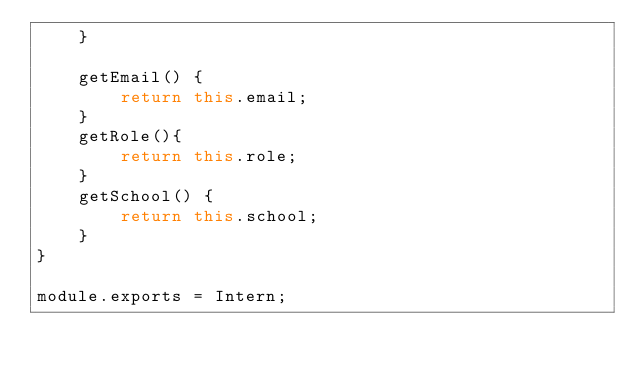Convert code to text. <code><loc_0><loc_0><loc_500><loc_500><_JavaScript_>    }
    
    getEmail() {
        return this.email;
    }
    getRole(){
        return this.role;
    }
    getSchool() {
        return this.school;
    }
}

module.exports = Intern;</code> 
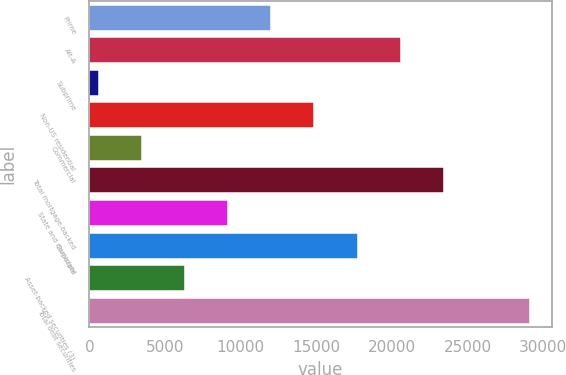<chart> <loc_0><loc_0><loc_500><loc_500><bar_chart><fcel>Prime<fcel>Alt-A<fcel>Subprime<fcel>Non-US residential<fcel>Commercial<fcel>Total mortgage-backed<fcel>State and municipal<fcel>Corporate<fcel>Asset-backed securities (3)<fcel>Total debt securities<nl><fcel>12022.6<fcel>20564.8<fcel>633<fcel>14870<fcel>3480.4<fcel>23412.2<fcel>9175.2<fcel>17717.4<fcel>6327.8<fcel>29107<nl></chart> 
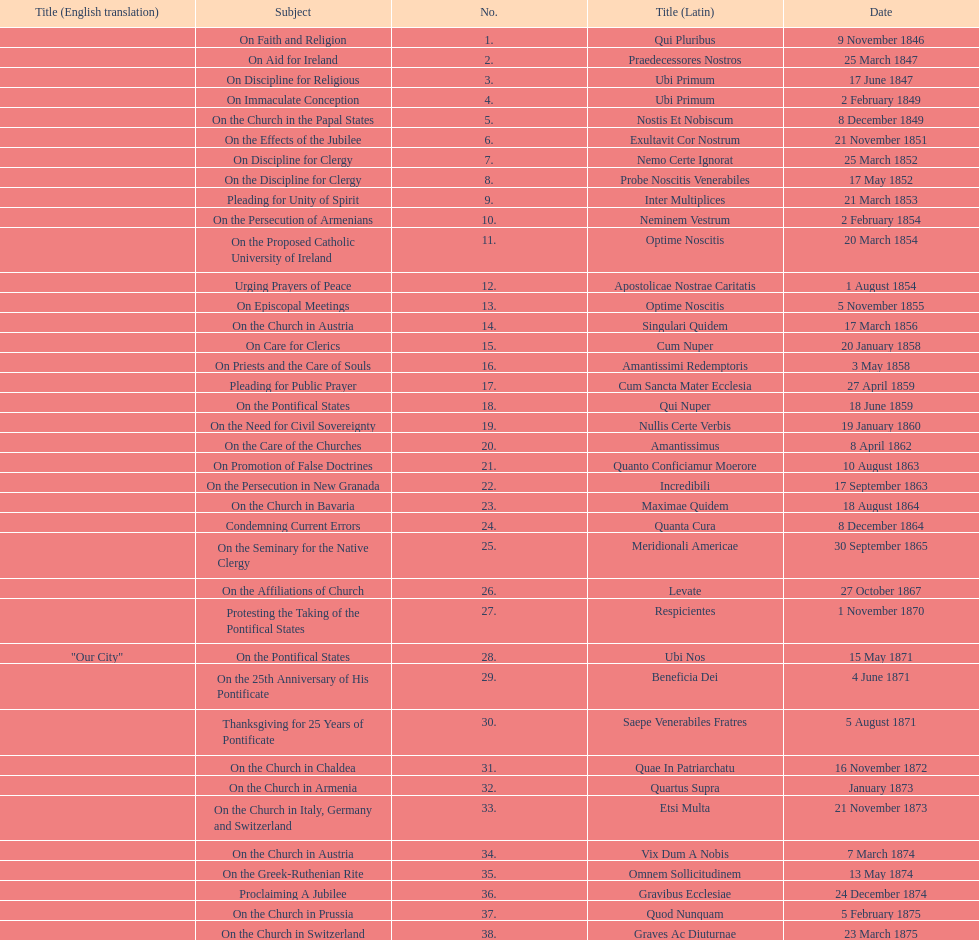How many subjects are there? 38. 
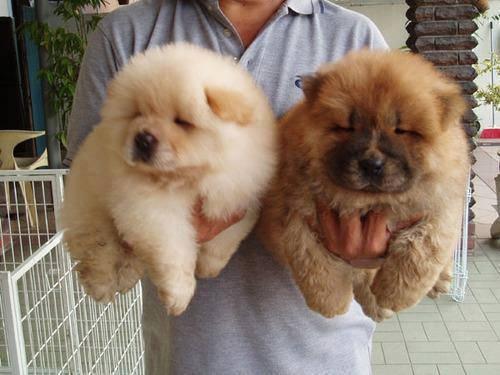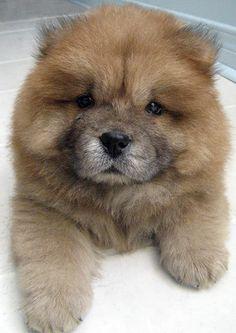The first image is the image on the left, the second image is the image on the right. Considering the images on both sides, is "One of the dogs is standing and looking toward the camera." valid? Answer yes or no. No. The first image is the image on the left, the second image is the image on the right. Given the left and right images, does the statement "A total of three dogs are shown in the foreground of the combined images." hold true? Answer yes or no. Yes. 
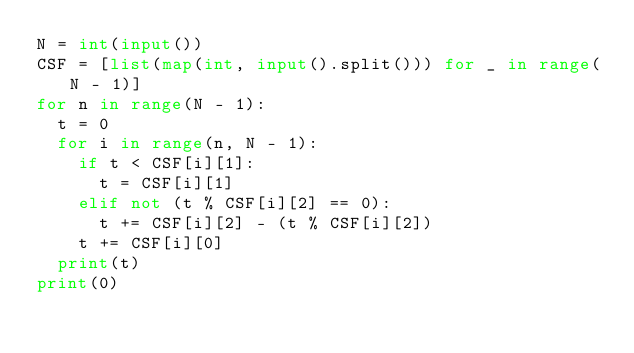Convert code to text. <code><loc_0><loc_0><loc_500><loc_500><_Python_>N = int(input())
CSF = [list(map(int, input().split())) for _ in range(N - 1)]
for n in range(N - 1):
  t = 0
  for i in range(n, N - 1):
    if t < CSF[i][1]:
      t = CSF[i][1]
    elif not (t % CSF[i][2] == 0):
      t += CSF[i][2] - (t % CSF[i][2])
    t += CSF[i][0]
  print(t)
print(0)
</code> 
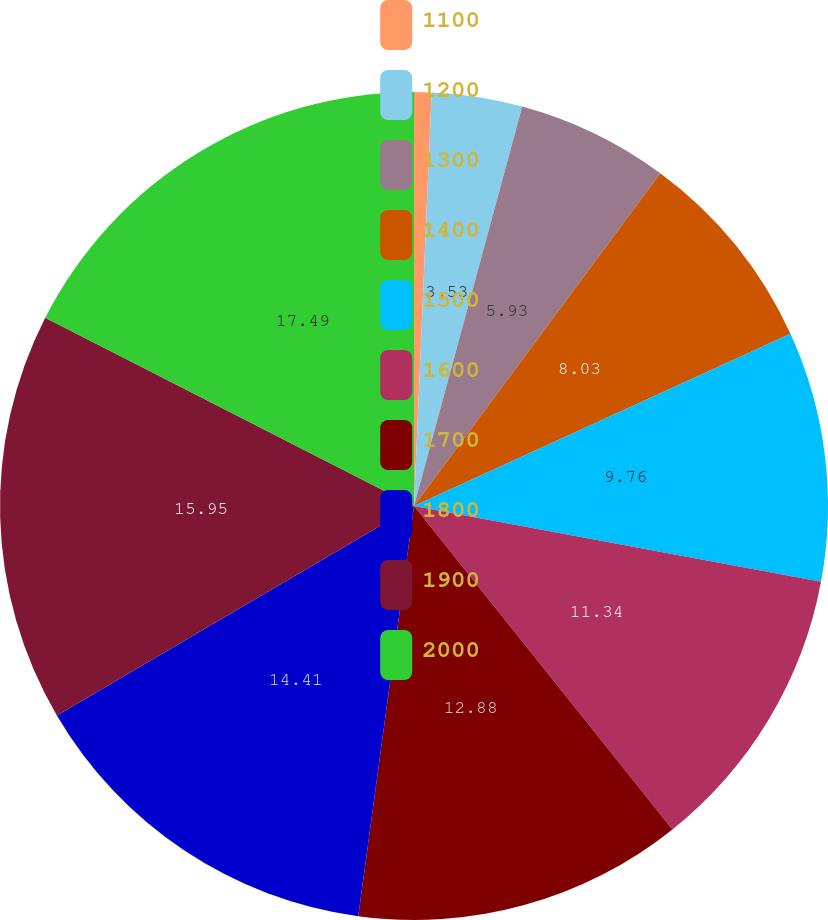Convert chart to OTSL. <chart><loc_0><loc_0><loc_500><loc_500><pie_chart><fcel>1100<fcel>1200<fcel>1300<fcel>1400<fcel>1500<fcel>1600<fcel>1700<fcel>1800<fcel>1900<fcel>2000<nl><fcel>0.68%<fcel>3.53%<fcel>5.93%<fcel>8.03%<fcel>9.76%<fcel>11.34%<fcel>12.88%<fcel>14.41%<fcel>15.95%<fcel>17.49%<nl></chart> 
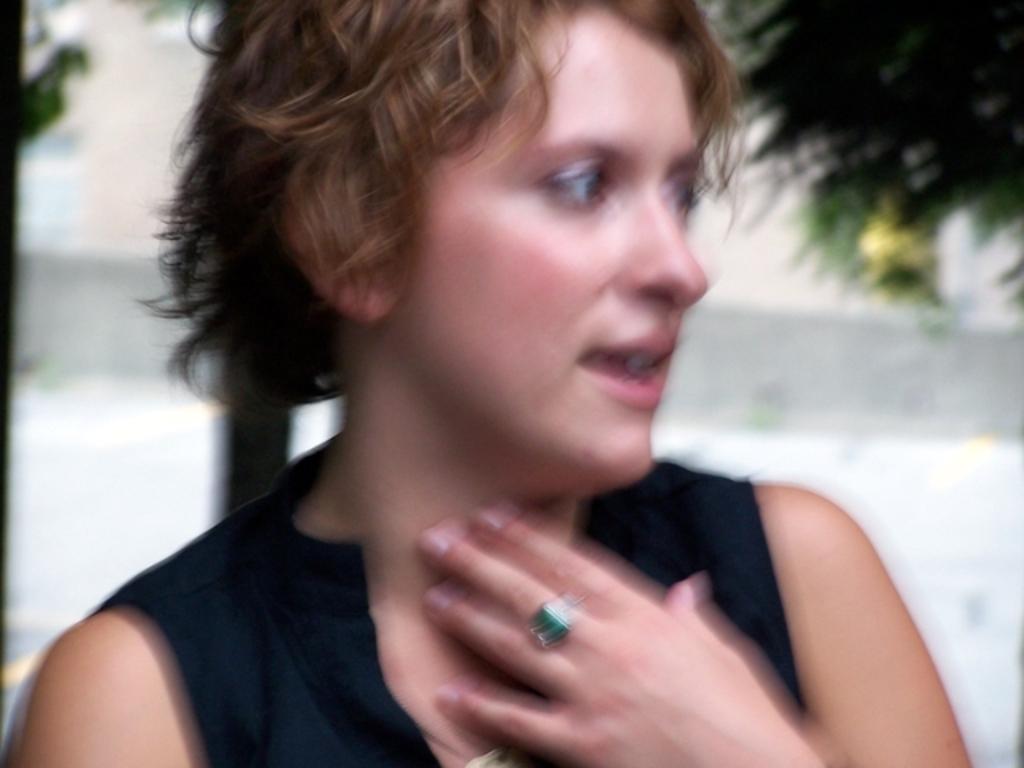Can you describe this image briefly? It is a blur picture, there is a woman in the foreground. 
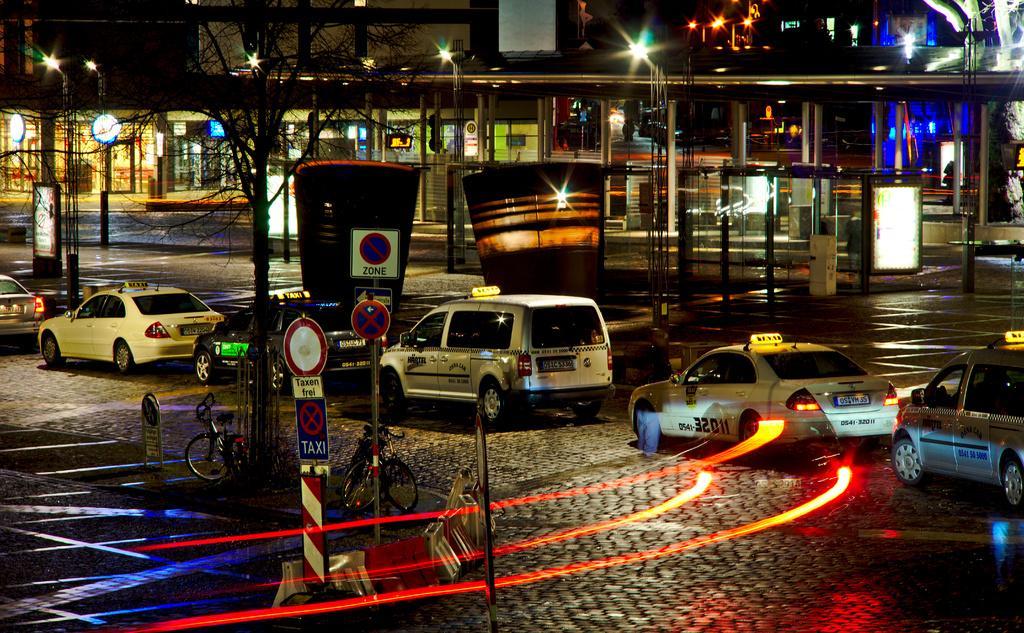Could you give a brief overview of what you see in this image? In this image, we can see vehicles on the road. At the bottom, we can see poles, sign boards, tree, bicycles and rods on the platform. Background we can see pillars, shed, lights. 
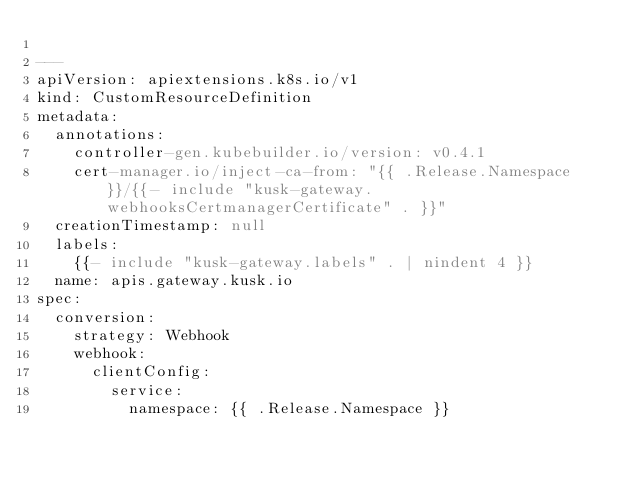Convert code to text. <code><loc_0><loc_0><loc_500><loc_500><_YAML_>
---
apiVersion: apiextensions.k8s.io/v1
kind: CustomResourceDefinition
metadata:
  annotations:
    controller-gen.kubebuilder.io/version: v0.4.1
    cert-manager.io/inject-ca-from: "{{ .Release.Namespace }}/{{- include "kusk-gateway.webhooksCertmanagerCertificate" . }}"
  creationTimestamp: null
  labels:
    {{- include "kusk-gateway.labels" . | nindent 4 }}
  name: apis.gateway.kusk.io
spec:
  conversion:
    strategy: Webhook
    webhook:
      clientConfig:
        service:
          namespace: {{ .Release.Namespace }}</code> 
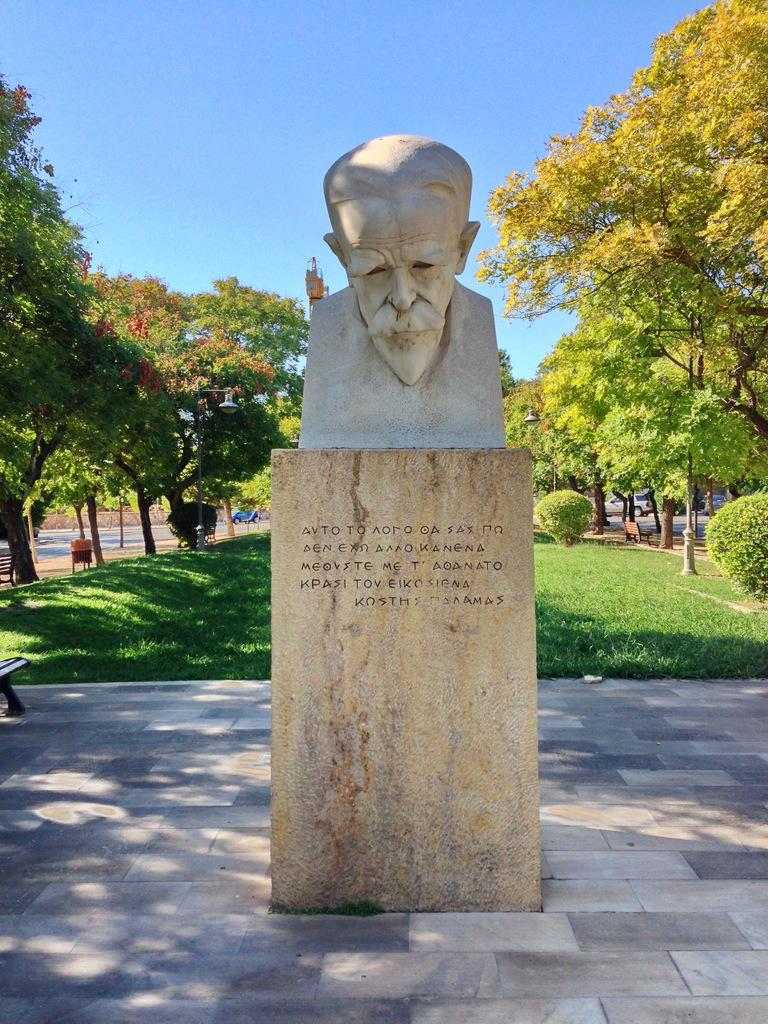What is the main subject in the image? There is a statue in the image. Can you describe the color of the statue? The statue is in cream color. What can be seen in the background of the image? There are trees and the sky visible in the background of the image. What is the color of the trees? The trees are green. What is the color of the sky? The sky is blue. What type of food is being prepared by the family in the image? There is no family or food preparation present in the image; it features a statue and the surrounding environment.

++++++++++++++++++++

**WHAT IS NEEDED:**
Each line of the data that holds "labels" should be copied.

**RESPONSE:**
  labels:
    {{- include "kusk-gateway.labels" . | nindent 4 }}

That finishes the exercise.